The slightly unhinged performance is given a virility by Cage’s abundant body hair, generously smothering his chest and arms in unusual profusion. Not in this film are the burnished bronze expanses of The Boy in Blue and Ghostrider, here Cage is hairy as a modest bear. At times, he seems to put on a New York accent to fit in with his humorous gambling cronies, butt of many a fat joke throughout the film’s 90 minutes. It’s hardly consistent, but perhaps helps to lend Jack Singer’s claim that ‘I’m an everyman!’ some kind of credence. In any case, the New York accent disappears entirely when he puts on the Elvis suit, flexes his hip and delivers his lines in the drawl familiar from Wild at Heart. It’s in the Elvis costume that Cage seems to come alive, he’s magnetic, even sexy – perhaps the more so in contrast to his previous costumes in the film, all patterned shirts and long beige cardigans that make him look like a Chris Ware caricature of Nicolas Cage .

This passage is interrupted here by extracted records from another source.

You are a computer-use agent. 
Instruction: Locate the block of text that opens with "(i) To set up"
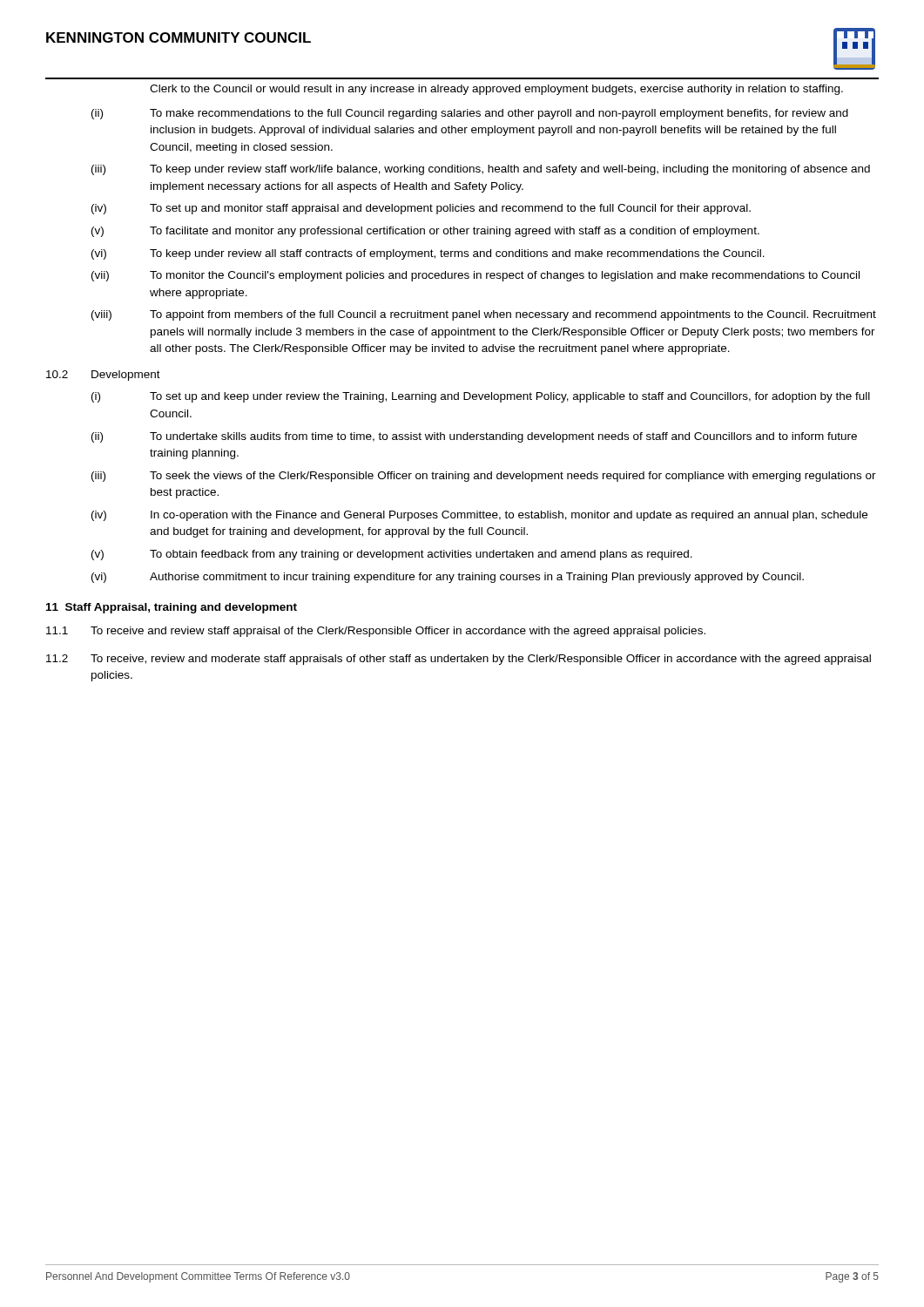[462, 405]
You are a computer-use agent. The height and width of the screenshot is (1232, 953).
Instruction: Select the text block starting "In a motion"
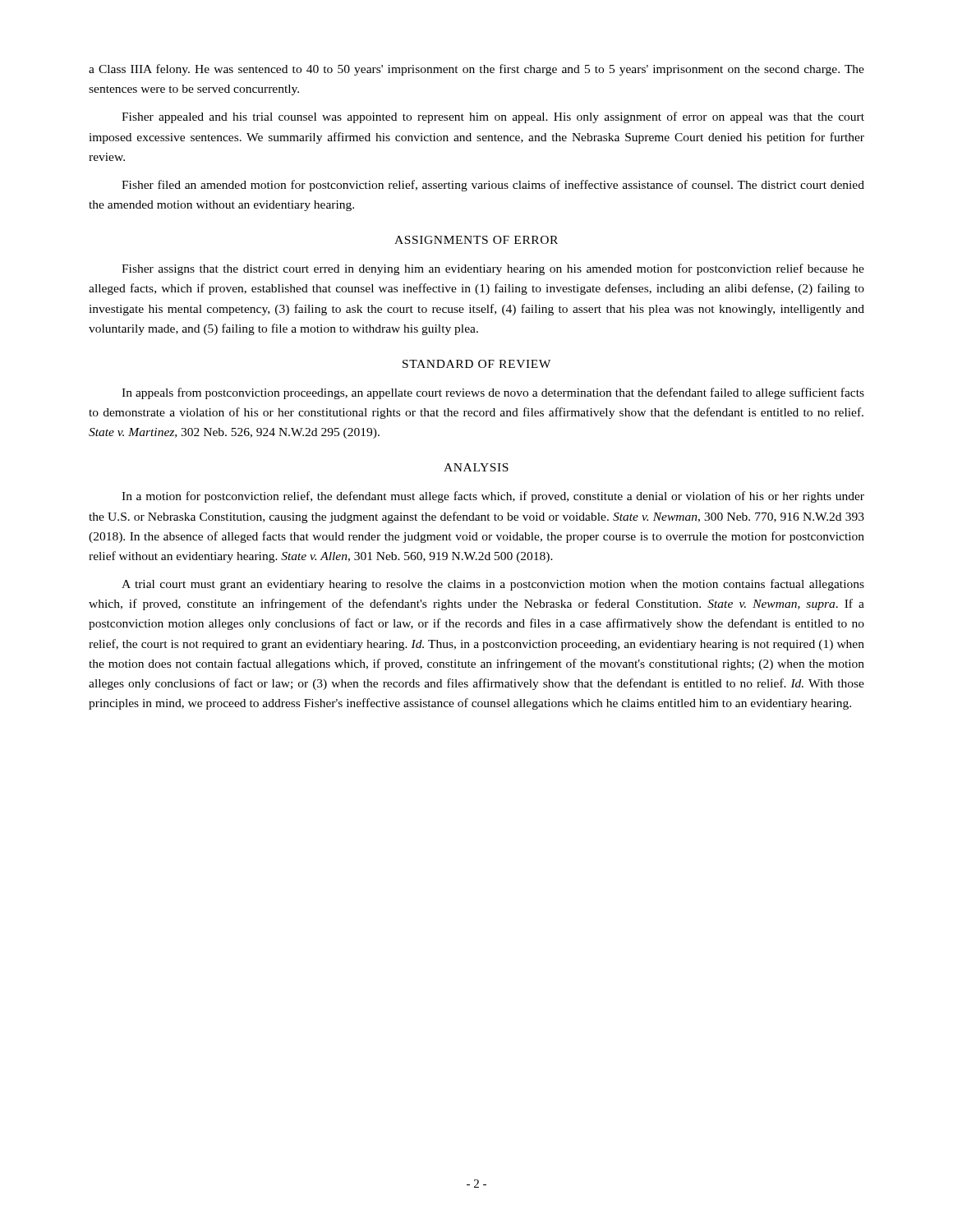(x=476, y=526)
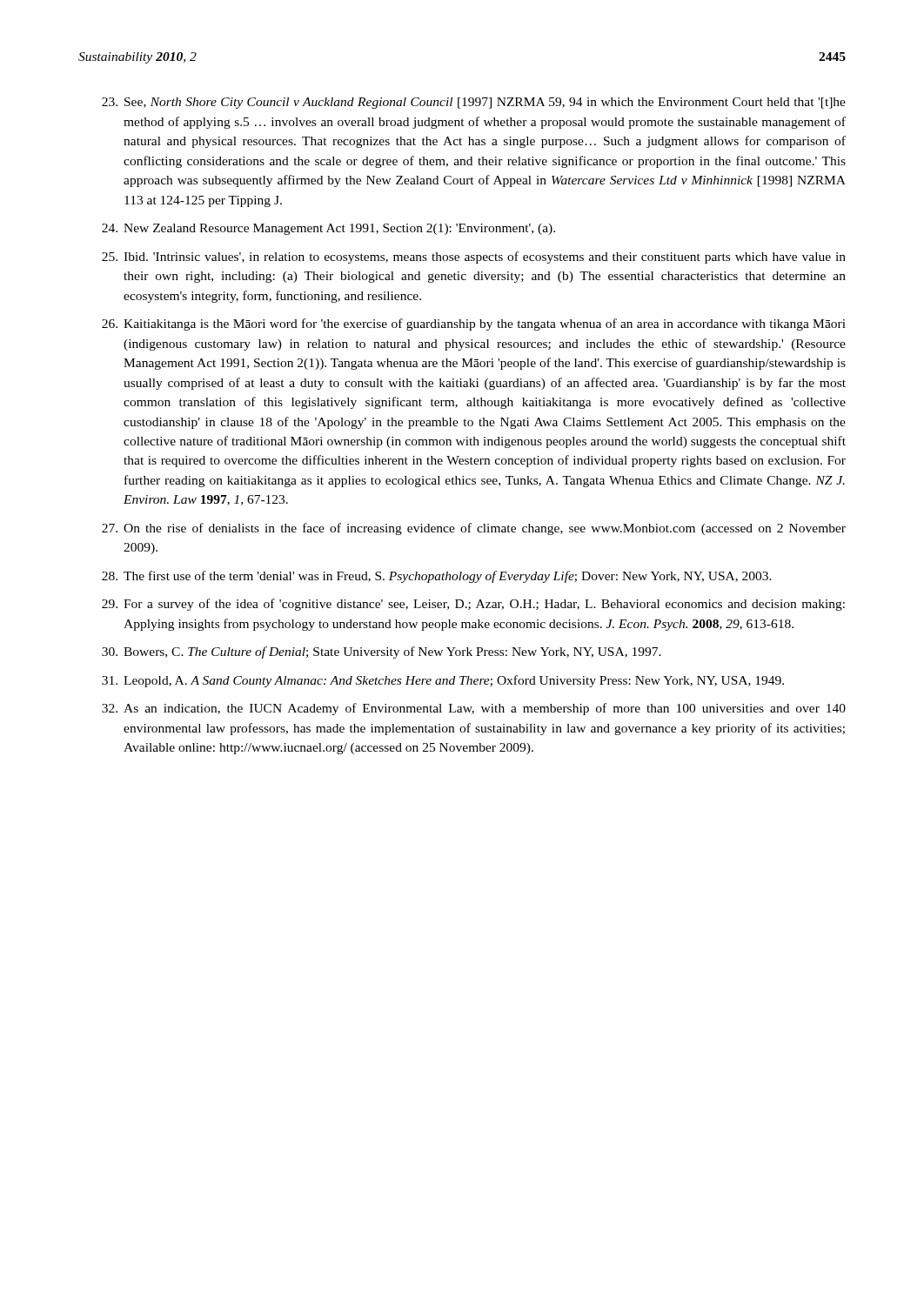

The ending is a top-class crazy random happenstance, but kind of delightful anyway. Cage somehow makes it work; who wouldn’t (you find yourself thinking) forgive their selfish, gambling-addicted, commitment phobic boyfriend if he laconically fell out of a plane, gazing soulfully up at you from under his flirty Elvis eyebrows?
And who wouldn’t (you begin to ponder) forgive Nicolas Cage his odd blunder when he sky-dived over Vegas, dressed as Elvis Presley, lit down on a landing pad like an illuminated celestial moth and gazed into your bemused yet delighted eyes, languidly inclining his head as if to say: ‘I’m all yours audience, all yours’.
* All sexism in the sentence is irony accredited.